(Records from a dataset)
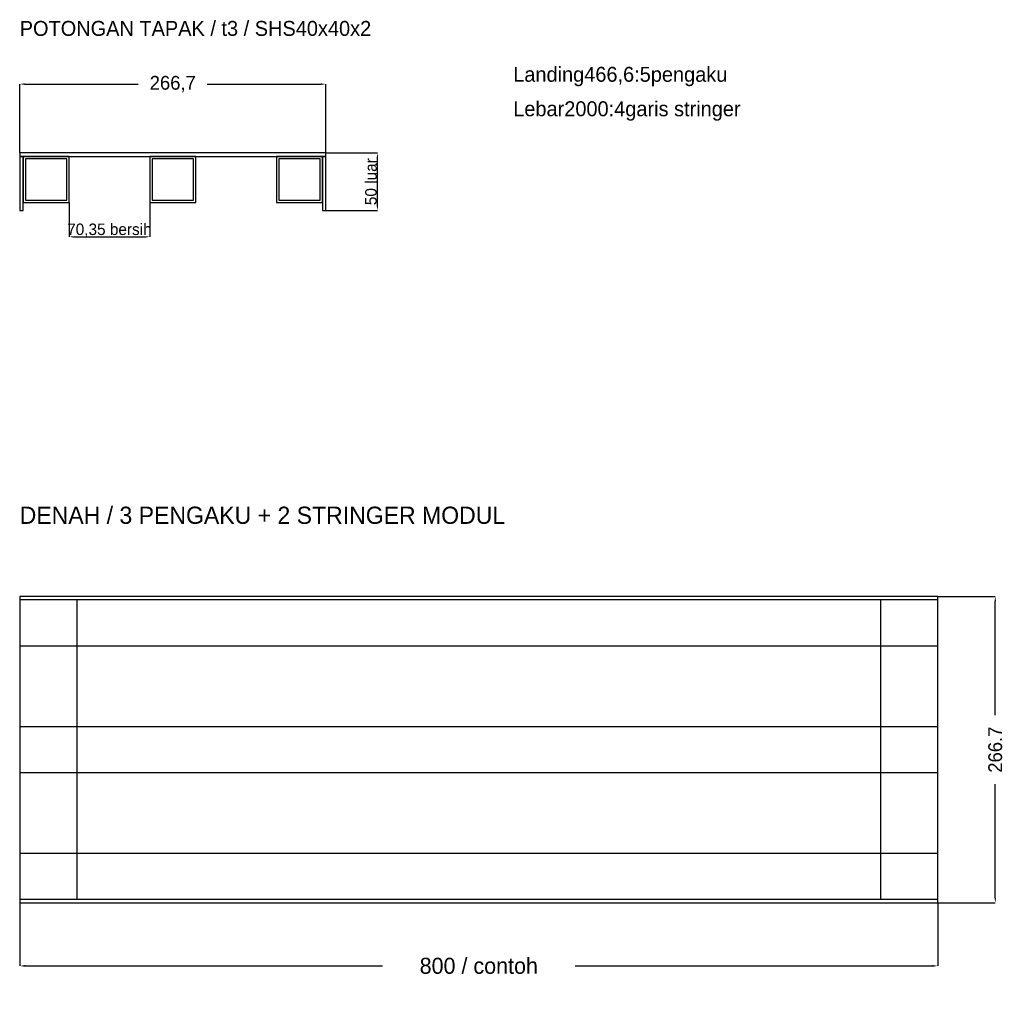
# Model space of a CAD drawing. Header units: millimetres. Extents: x 0 to 858, y -738 to 119.
import ezdxf

# ---------------------------------------------------------------- set-up
doc = ezdxf.new("R2010")
doc.units = ezdxf.units.MM
for name, color, linetype in [('balok', 7, 'Continuous'), ('bracing', 7, 'Continuous'), ('context', 7, 'Continuous'), ('detail', 7, 'Continuous')]:
    doc.layers.add(name, color=color, linetype=linetype)
doc.dimstyles.get("Standard").update_dxf_attribs({"dimtxt": 2.5, "dimasz": 2.5, "dimexe": 1.25, "dimexo": 0.625, "dimtad": 1, "dimcen": 2.5, "dimazin": 3, "dimtfac": 1, "dimtmove": 0, "dimatfit": 3})

# ---------------------------------------------------------------- blocks, each defined once
blk = doc.blocks.new('_CLOSEDFILLED')
at = {"color": 0, "linetype": 'BYBLOCK'}
blk.add_solid([(-1, 0.16), (0, 0), (-1, -0.16)], dxfattribs=at)
blk = doc.blocks.new('*D1')
for p, q in [((0, 3), (0, 63)), ((4.2, 63), (103.35, 63)), ((163.35, 63), (262.5, 63)), ((266.7, 3), (266.7, 63))]:
    blk.add_line(p, q)
at = {"layer": 'Defpoints'}
for p in [(0, 63), (0, 3), (266.7, 3)]:
    blk.add_point(p, dxfattribs=at)
at = {"xscale": 4.199999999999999, "yscale": 4.199999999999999, "rotation": 180}
blk.add_blockref('_CLOSEDFILLED', (0, 63), dxfattribs=at)
at = {"xscale": 4.199999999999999, "yscale": 4.199999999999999}
blk.add_blockref('_CLOSEDFILLED', (266.7, 63), dxfattribs=at)
at = {"insert": (133.35, 63), "char_height": 12, "attachment_point": 5}
blk.add_mtext('266,7', dxfattribs=at)
blk = doc.blocks.new('*D2')
for p, q in [((266.7, 3), (311.7, 3)), ((311.7, -43.5), (311.7, -0.5)), ((266.7, -47), (311.7, -47))]:
    blk.add_line(p, q)
at = {"layer": 'Defpoints'}
for p in [(266.7, 3), (266.7, -47), (311.7, -47)]:
    blk.add_point(p, dxfattribs=at)
at = {"xscale": 3.5, "yscale": 3.5}
for p, rotation in [((311.7, 3), 90), ((311.7, -47), 270)]:
    blk.add_blockref('_CLOSEDFILLED', p, dxfattribs=dict(at, rotation=rotation))
at = {"insert": (306.075, -22), "char_height": 10, "attachment_point": 5, "rotation": 90}
blk.add_mtext('50 luar', dxfattribs=at)
blk = doc.blocks.new('*D3')
for p, q in [((43, -40), (43, -70)), ((113.35, -40), (113.35, -70)), ((46.5, -70), (109.85, -70))]:
    blk.add_line(p, q)
at = {"layer": 'Defpoints'}
for p in [(43, -40), (113.35, -40), (43, -70)]:
    blk.add_point(p, dxfattribs=at)
at = {"xscale": 3.5, "yscale": 3.5, "rotation": 180}
blk.add_blockref('_CLOSEDFILLED', (43, -70), dxfattribs=at)
at = {"xscale": 3.5, "yscale": 3.5}
blk.add_blockref('_CLOSEDFILLED', (113.35, -70), dxfattribs=at)
at = {"insert": (78.175, -64.375), "char_height": 10, "attachment_point": 5}
blk.add_mtext('70,35 bersih', dxfattribs=at)
blk = doc.blocks.new('*D4')
for p, q in [((0, -650), (0, -705)), ((800, -650), (800, -705)), ((4.9, -705), (316, -705)), ((484, -705), (795.1, -705))]:
    blk.add_line(p, q)
at = {"layer": 'Defpoints'}
for p in [(0, -650), (800, -650), (0, -705)]:
    blk.add_point(p, dxfattribs=at)
at = {"xscale": 4.8999999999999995, "yscale": 4.8999999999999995, "rotation": 180}
blk.add_blockref('_CLOSEDFILLED', (0, -705), dxfattribs=at)
at = {"xscale": 4.8999999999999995, "yscale": 4.8999999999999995}
blk.add_blockref('_CLOSEDFILLED', (800, -705), dxfattribs=at)
at = {"insert": (400, -705), "char_height": 14, "attachment_point": 5}
blk.add_mtext('800 / contoh', dxfattribs=at)
blk = doc.blocks.new('*D5')
for p, q in [((800, -383.3), (850, -383.3)), ((850, -486.65), (850, -387.5)), ((850, -645.8), (850, -546.65)), ((800, -650), (850, -650))]:
    blk.add_line(p, q)
at = {"layer": 'Defpoints'}
for p in [(800, -383.3), (800, -650), (850, -650)]:
    blk.add_point(p, dxfattribs=at)
at = {"xscale": 4.199999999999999, "yscale": 4.199999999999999}
for p, rotation in [((850, -383.3), 90), ((850, -650), 270)]:
    blk.add_blockref('_CLOSEDFILLED', p, dxfattribs=dict(at, rotation=rotation))
at = {"insert": (850, -516.65), "char_height": 12, "attachment_point": 5, "rotation": 90}
blk.add_mtext('266.7', dxfattribs=at)

msp = doc.modelspace()

# ---------------------------------------------------------------- linework, layer by layer
at = {"layer": 'balok'}
for p, q in [((43, 0), (3, 0)), ((3, 0), (3, -40)), ((43, -40), (43, 0)), ((153.35, 0), (113.35, 0)), ((113.35, 0), (113.35, -40)), ((153.35, -40), (153.35, 0)), ((263.7, 0), (223.7, 0)), ((223.7, 0), (223.7, -40)), ((263.7, -40), (263.7, 0)), ((3, -40), (43, -40)), ((113.35, -40), (153.35, -40)), ((223.7, -40), (263.7, -40)), ((800, -386.3), (0, -386.3)), ((0, -386.3), (0, -426.3)), ((800, -426.3), (800, -386.3)), ((0, -426.3), (800, -426.3)), ((800, -496.65), (0, -496.65)), ((0, -496.65), (0, -536.65)), ((800, -536.65), (800, -496.65)), ((0, -536.65), (800, -536.65)), ((800, -607), (0, -607)), ((0, -607), (0, -647)), ((800, -647), (800, -607)), ((0, -647), (800, -647))]:
    msp.add_line(p, q, dxfattribs=at)
at = {"layer": 'bracing'}
for p, q in [((50, -386.3), (0, -386.3)), ((0, -386.3), (0, -647)), ((50, -647), (50, -386.3)), ((800, -386.3), (750, -386.3)), ((750, -386.3), (750, -647)), ((800, -647), (800, -386.3)), ((0, -647), (50, -647)), ((750, -647), (800, -647))]:
    msp.add_line(p, q, dxfattribs=at)
at = {"layer": 'context'}
for p, q in [((41, -2), (5, -2)), ((5, -2), (5, -38)), ((41, -38), (41, -2)), ((151.35, -2), (115.35, -2)), ((115.35, -2), (115.35, -38)), ((151.35, -38), (151.35, -2)), ((261.7, -2), (225.7, -2)), ((225.7, -2), (225.7, -38)), ((261.7, -38), (261.7, -2)), ((5, -38), (41, -38)), ((115.35, -38), (151.35, -38)), ((225.7, -38), (261.7, -38))]:
    msp.add_line(p, q, dxfattribs=at)
at = {"layer": 'detail'}
for p, q in [((266.7, 3), (0, 3)), ((0, 3), (0, 0)), ((0, 0), (266.7, 0)), ((3, 0), (0, 0)), ((0, 0), (0, -47)), ((3, -47), (3, 0)), ((266.7, 0), (263.7, 0)), ((263.7, 0), (263.7, -47)), ((266.7, 0), (266.7, 3)), ((266.7, -47), (266.7, 0)), ((0, -47), (3, -47)), ((263.7, -47), (266.7, -47)), ((800, -383.3), (0, -383.3)), ((0, -383.3), (0, -650)), ((800, -650), (800, -383.3)), ((0, -650), (800, -650))]:
    msp.add_line(p, q, dxfattribs=at)

# ---------------------------------------------------------------- texts
for s, height, p in [('POTONGAN TAPAK / t3 / SHS40x40x2', 13, (0, 105)), ('Landing466,6:5pengaku', 13, (430, 65)), ('Lebar2000:4garis stringer', 13, (430, 35)), ('DENAH / 3 PENGAKU + 2 STRINGER MODUL', 15, (0, -320))]:
    msp.add_text(s, height=height).set_placement(p)

# ---------------------------------------------------------------- dimensions: what is measured, and where the dimension line sits
for base, p1, p2, text, override, picture, middle in [((0, 63), (0, 3), (266.7, 3), '266,7', {"dimtxt": 12, "dimasz": 4.2}, '*D1', (133.35, 63)), ((43, -70), (43, -40), (113.35, -40), '70,35 bersih', {"dimtxt": 10, "dimasz": 3.5}, '*D3', (78.175, -64.375)), ((0, -705), (0, -650), (800, -650), '800 / contoh', {"dimtxt": 14, "dimasz": 4.9}, '*D4', (400, -705))]:
    dim = msp.add_linear_dim(base=base, p1=p1, p2=p2, text=text, dimstyle='Standard', override=override)
    dim.commit()
    dim.dimension.update_dxf_attribs({"geometry": picture, "text_midpoint": middle})
for base, p1, p2, text, override, picture, middle in [((311.7, -47), (266.7, -47), (266.7, 3), '50 luar', {"dimtxt": 10, "dimasz": 3.5}, '*D2', (306.075, -22)), ((850, -650), (800, -650), (800, -383.3), '266.7', {"dimtxt": 12, "dimasz": 4.2}, '*D5', (850, -516.65))]:
    dim = msp.add_linear_dim(base=base, p1=p1, p2=p2, angle=90, text=text, dimstyle='Standard', override=override)
    dim.commit()
    dim.dimension.update_dxf_attribs({"geometry": picture, "text_midpoint": middle})

doc.saveas('drawing.dxf')

## Prompt
After locating the line with "each defined once" above, return that line and every later line through the one with "blk.add_blockref('_CLOSEDFILLED', (266.7, 63), dxfattribs=at)", word for word and with nothing else.

## Response area
# ---------------------------------------------------------------- blocks, each defined once
blk = doc.blocks.new('_CLOSEDFILLED')
at = {"color": 0, "linetype": 'BYBLOCK'}
blk.add_solid([(-1, 0.16), (0, 0), (-1, -0.16)], dxfattribs=at)
blk = doc.blocks.new('*D1')
for p, q in [((0, 3), (0, 63)), ((4.2, 63), (103.35, 63)), ((163.35, 63), (262.5, 63)), ((266.7, 3), (266.7, 63))]:
    blk.add_line(p, q)
at = {"layer": 'Defpoints'}
for p in [(0, 63), (0, 3), (266.7, 3)]:
    blk.add_point(p, dxfattribs=at)
at = {"xscale": 4.199999999999999, "yscale": 4.199999999999999, "rotation": 180}
blk.add_blockref('_CLOSEDFILLED', (0, 63), dxfattribs=at)
at = {"xscale": 4.199999999999999, "yscale": 4.199999999999999}
blk.add_blockref('_CLOSEDFILLED', (266.7, 63), dxfattribs=at)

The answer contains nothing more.